Ontario : un enfant de 4 ans failli noyer, négligence alarmante
Une affaire glaçante éclabousse le district scolaire d'Ontario-Montclair : un enfant de quatre ans, souffrant d'autisme, de spina bifida et d'hydrocéphalie, a été retrouvé inconscient dans le bassin d'une piscine scolaire. L'incident, qui s'est produit en décembre dernier, a conduit la famille à intenter une action en justice contre le district, dénonçant une négligence grave et des conditions dangereuses sur le campus.
Un accompagnement vital manqué, un cauchemar éveillé
J.M., comme il est identifié dans les documents judiciaires, est non verbal et dépend d'un accompagnateur individuel pour sa sécurité. Selon l'avocat de la famille, Robert Glassman, l'enfant a été laissé sans surveillance pendant dix minutes, une éternité pour un enfant vulnérable. « Il ne peut pas parler, il ne peut pas dire à sa mère comment il se sent. Il vit avec une terreur intérieure », a déclaré Glassman, soulignant l'impuissance de la famille face à cette tragédie.
Le rapport de la police d'Ontario indique qu'une assistante d'enseignant a admis avoir quitté J.M. pendant cette période fatidique, tandis qu'une enseignante a reconnu ne pas avoir respecté son obligation de rester avec lui. L'enfant a été héliporté à l'hôpital après avoir été retrouvé face contre terre dans le bassin. La séquence d'événements, d'une banalité terrifiante, soulève de sérieuses questions quant à la supervision des élèves à besoins spécifiques.
Le degré de négligence est sidérant, selon l'avocat de la famille. J.M. est désormais confronté à des troubles cognitifs diminués, un stress post-traumatique et même des difficultés à se baigner. Au-delà des conséquences physiques, l'impact psychologique sur l'enfant et sa famille est incommensurable.
L'action en justice porte sur la négligence du district scolaire et les conditions dangereuses sur le campus, soulignant un manque de protocoles de sécurité adéquats. Bien que le district scolaire se soit refusé à tout commentaire en raison de la procédure judiciaire en cours, la famille espère que cette affaire servira de catalyseur pour améliorer la sécurité des piscines scolaires et protéger les élèves vulnérables. Plus grave encore, Glassman a insisté sur le fait que l'enfant aurait pu mourir. La vie de ce jeune garçon a basculé à quelques secondes de la mort.

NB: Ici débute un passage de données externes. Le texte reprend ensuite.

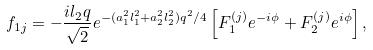<formula> <loc_0><loc_0><loc_500><loc_500>f _ { 1 j } = - \frac { i l _ { 2 } q } { \sqrt { 2 } } e ^ { - ( a _ { 1 } ^ { 2 } l _ { 1 } ^ { 2 } + a _ { 2 } ^ { 2 } l _ { 2 } ^ { 2 } ) q ^ { 2 } / 4 } \left [ F ^ { ( j ) } _ { 1 } e ^ { - i \phi } + F ^ { ( j ) } _ { 2 } e ^ { i \phi } \right ] ,</formula> 
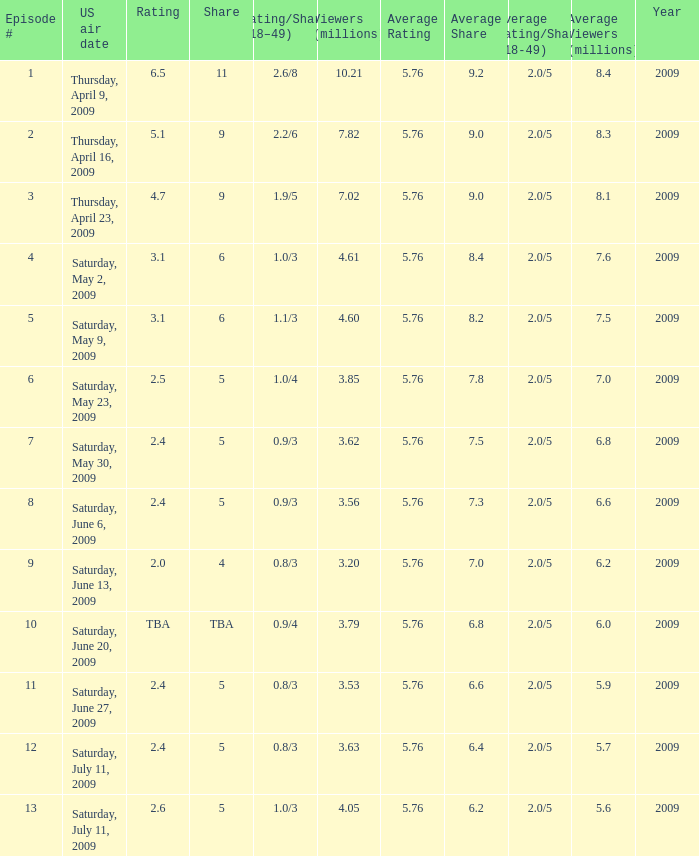What is the lowest number of million viewers for an episode before episode 5 with a rating/share of 1.1/3? None. 
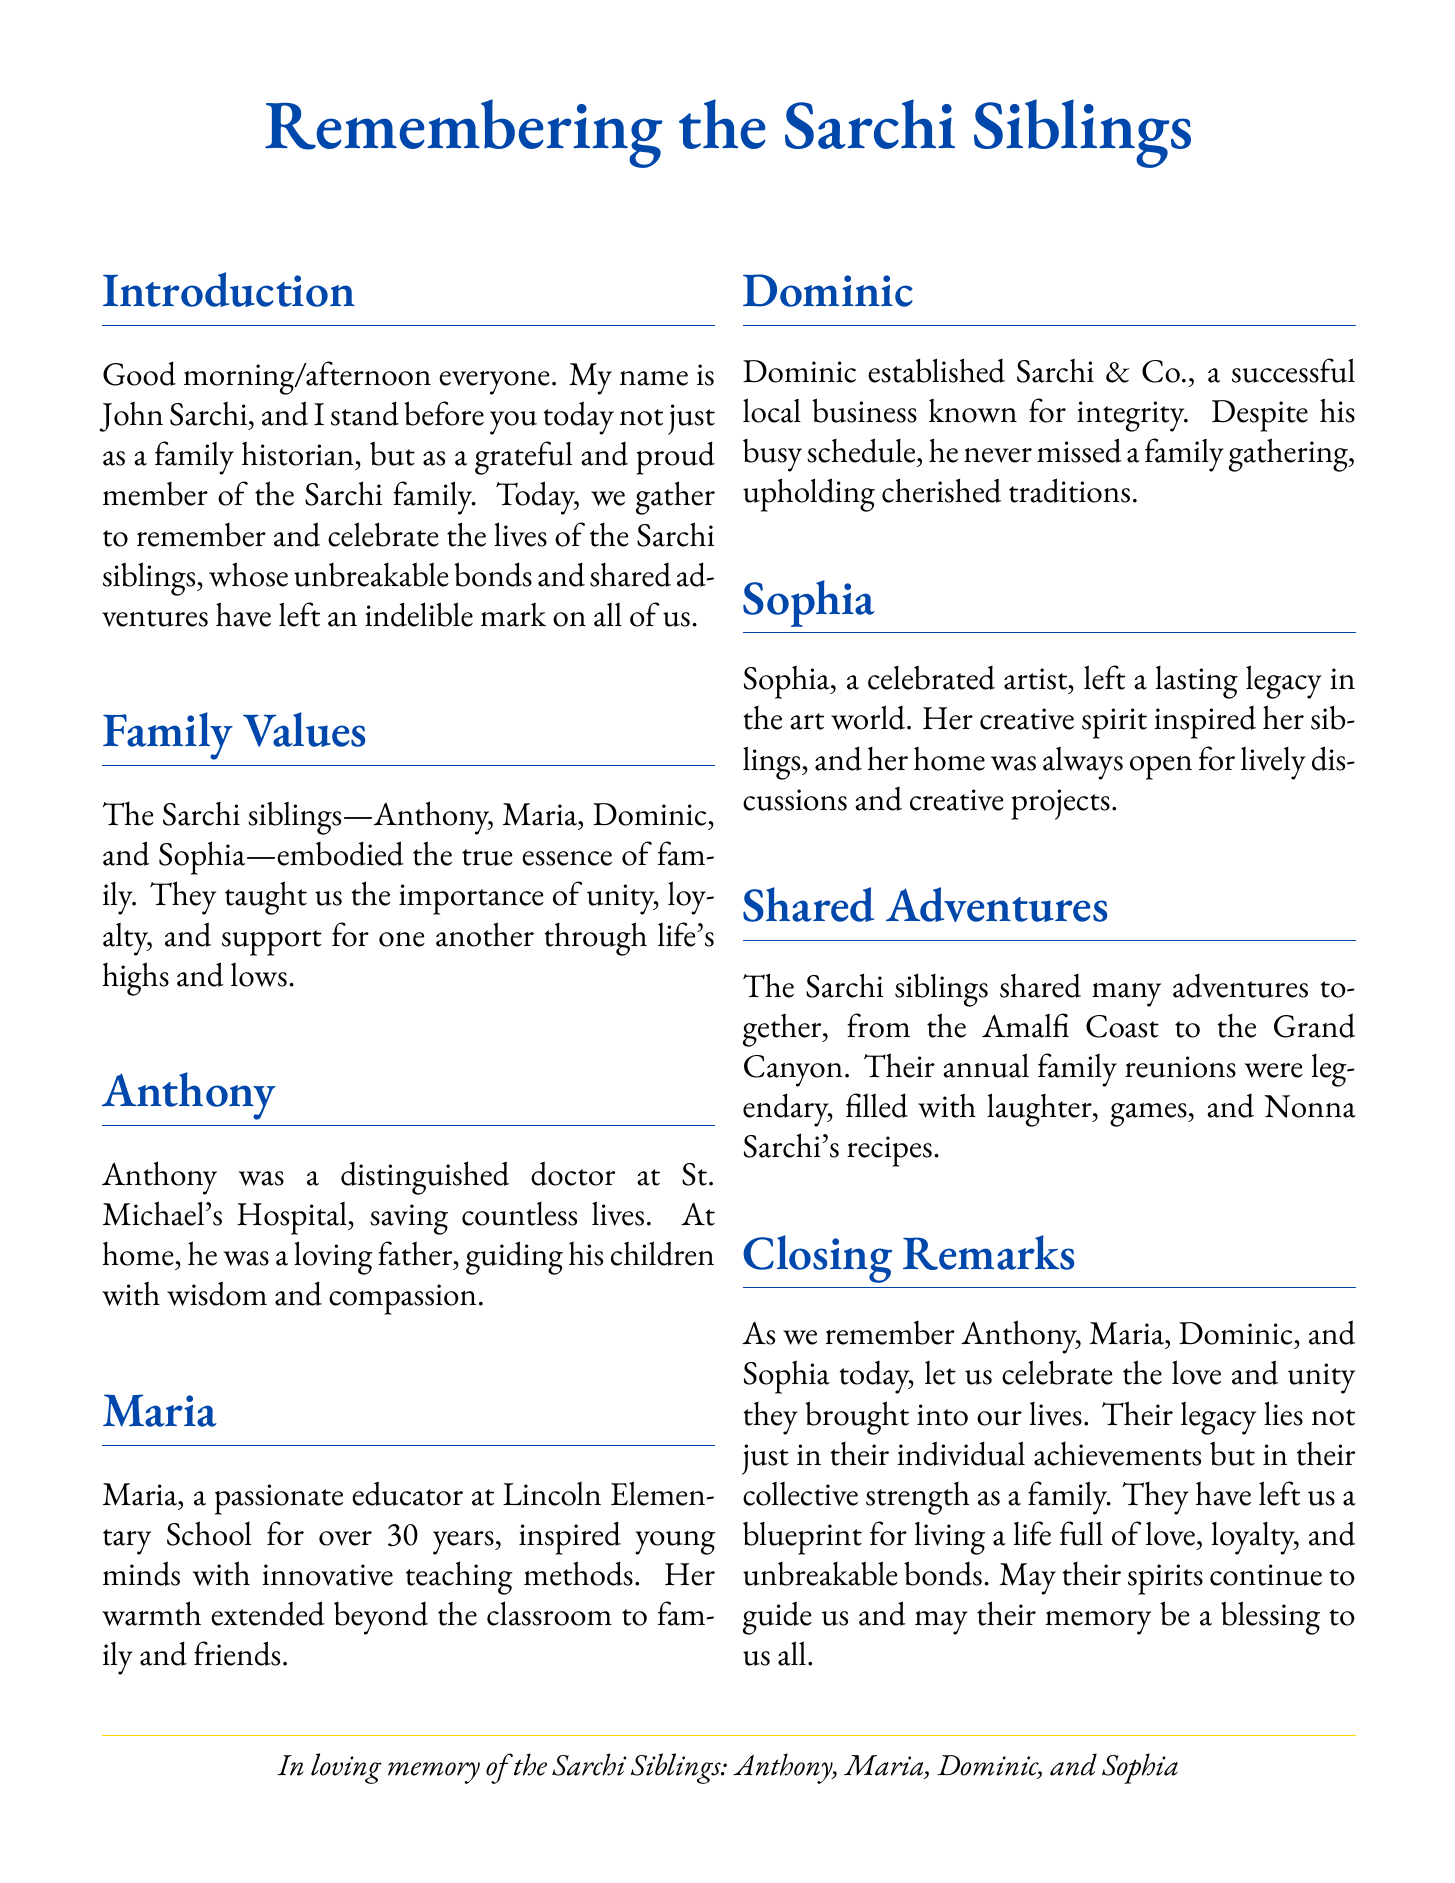What are the names of the Sarchi siblings? The document lists the names of the Sarchi siblings as Anthony, Maria, Dominic, and Sophia.
Answer: Anthony, Maria, Dominic, and Sophia Who was a distinguished doctor? The document states that Anthony was a distinguished doctor at St. Michael's Hospital.
Answer: Anthony What profession did Maria have? The document mentions that Maria was a passionate educator at Lincoln Elementary School for over 30 years.
Answer: Educator What business did Dominic establish? The document indicates that Dominic established Sarchi & Co., a successful local business.
Answer: Sarchi & Co What was Sophia's contribution to the arts? The document describes Sophia as a celebrated artist who left a lasting legacy in the art world.
Answer: Celebrated artist What values did the Sarchi siblings embody? The document states that the Sarchi siblings embodied the true essence of family, teaching unity, loyalty, and support.
Answer: Unity, loyalty, and support How long did Maria work at Lincoln Elementary School? The document notes that Maria worked at Lincoln Elementary School for over 30 years.
Answer: Over 30 years What type of adventures did the Sarchi siblings share? The document mentions that the Sarchi siblings shared adventures from the Amalfi Coast to the Grand Canyon.
Answer: Amalfi Coast to the Grand Canyon What is the purpose of this document? The document serves as a eulogy to remember and celebrate the lives of the Sarchi siblings and their contributions.
Answer: Remember and celebrate the lives of the Sarchi siblings

Au-delà de la procédure judiciaire : une question de responsabilité
L'incident met en lumière une faille alarmante dans l'attention portée aux élèves à besoins spécifiques. Il ne s'agit pas seulement d'une affaire juridique, mais d'une question de responsabilité et d'éthique. Comment garantir que des enfants comme J.M. soient protégés et encadrés de manière appropriée dans les établissements scolaires ?
La famille ne se contente pas de chercher justice et d'obtenir réparation financière. Elle aspire à un changement profond, à une culture de sécurité et de vigilance qui prévienne de tels drames à l'avenir. La tragédie de J.M. résonne comme un appel urgent à la prudence et à l'amélioration des pratiques éducatives.